En janvier 2007, il prit en charge les intérêts d’un client, X, qui avait fait
l’objet d’une plainte pour coups et blessures déposée par Mme M. A.
épouse C. Parti plusieurs mois dans son pays d’origine en raison de cette
plainte, X souhaita dans un premier temps obtenir des informations sur les
suites de cette procédure.
En sa qualité d’avocat de X, le requérant écrivit au Casier judiciaire
national, ainsi qu’aux services d’état civil de la commune de naissance de
son client. Il lui fut répondu que ce dernier n’avait jamais été condamné et
que son état civil n’avait pas été modifié. Le requérant transmit ces
informations à son client au cours d’un rendez-vous en février 2007. Il fut
convenu de garder le dossier ouvert dans l’attente d’éventuelles suites
judiciaires.
Le 13 avril 2007 vers 8 h 45, alors qu’il sortait du palais de justice, le
requérant fut abordé par Mme AG., juge d’instruction chargée du dossier
visant les faits de coups et blessures reprochés à X, qui lui demanda de la
suivre afin de procéder à une perquisition à son cabinet.

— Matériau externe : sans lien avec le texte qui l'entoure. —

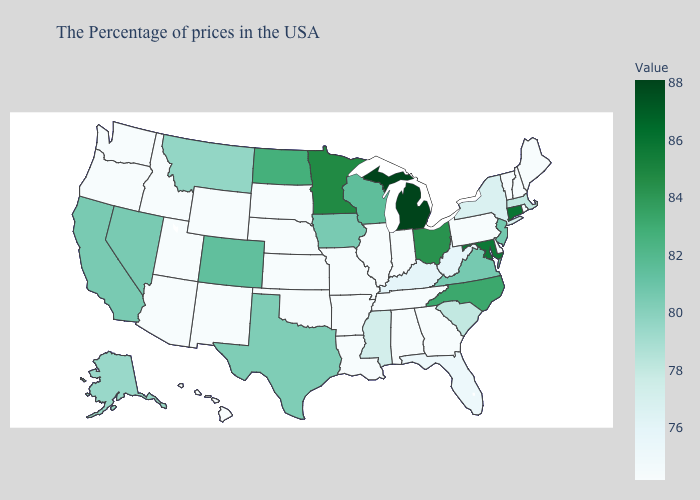Is the legend a continuous bar?
Short answer required. Yes. Which states have the lowest value in the USA?
Write a very short answer. Maine, Rhode Island, New Hampshire, Vermont, Delaware, Pennsylvania, Georgia, Indiana, Alabama, Tennessee, Illinois, Louisiana, Missouri, Arkansas, Kansas, Nebraska, Oklahoma, South Dakota, Wyoming, New Mexico, Utah, Arizona, Idaho, Washington, Oregon, Hawaii. Among the states that border Alabama , which have the lowest value?
Concise answer only. Georgia, Tennessee. Which states have the lowest value in the USA?
Quick response, please. Maine, Rhode Island, New Hampshire, Vermont, Delaware, Pennsylvania, Georgia, Indiana, Alabama, Tennessee, Illinois, Louisiana, Missouri, Arkansas, Kansas, Nebraska, Oklahoma, South Dakota, Wyoming, New Mexico, Utah, Arizona, Idaho, Washington, Oregon, Hawaii. Does Mississippi have a higher value than Louisiana?
Give a very brief answer. Yes. 
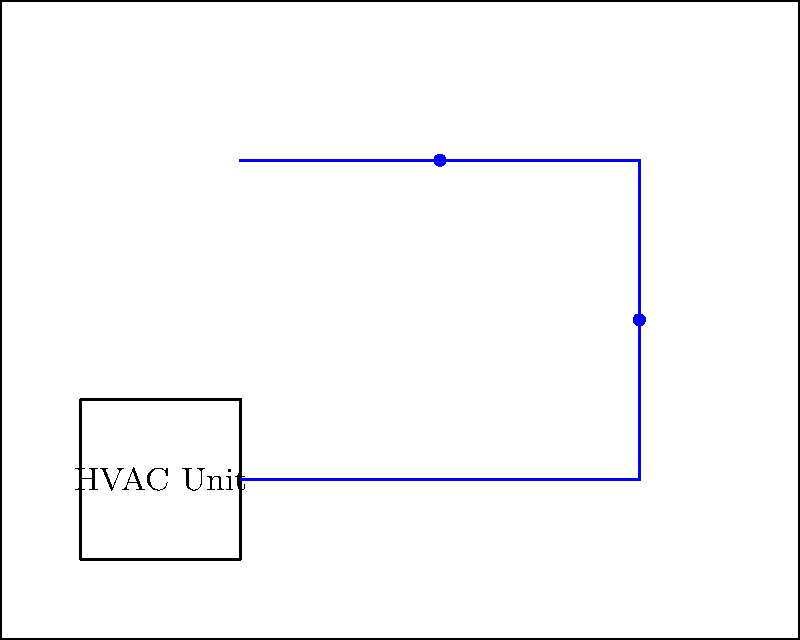In designing an optimal HVAC system layout for noise reduction in a home, which component shown in the diagram is most effective for minimizing vibration-induced noise transmission, and where should it be placed for maximum effectiveness? To determine the most effective component for minimizing vibration-induced noise transmission in an HVAC system, we need to consider the following steps:

La perquisition se déroula en présence du juge d’instruction, de son
greffier, de deux policiers en civils mandatés par le magistrat et du
bâtonnier de l’Ordre des avocats du Barreau de Marseille. La perquisition
visait « la recherche par tout moyen de tous éléments permettant de localiser
[X] », la juge d’instruction ayant été informée de la démarche du requérant
auprès du Casier judiciaire national par ce dernier.
Sur indications données par le requérant, la juge consulta une pochette
contenant des documents relatifs à plusieurs dossiers en attente, dont celui
de X. Elle décida de saisir les documents suivants : les lettres envoyées par
le requérant au Casier judiciaire national et aux services d’état civil de la
commune de naissance de X ; une lettre-type rédigée par le requérant pour
X, sollicitant une copie de son acte de mariage, lettre que X n’avait pas
souhaité envoyer pour ne pas déclarer son adresse ; une feuille manuscrite
rédigée par le requérant, comportant l’adresse du bureau des étrangers de
Marseille, ainsi que les numéros de téléphone des membres de la famille de
son client.
Le bâtonnier ne s’opposa pas à cette saisie, estimant que les documents
concernés n’étaient pas couverts par le secret professionnel.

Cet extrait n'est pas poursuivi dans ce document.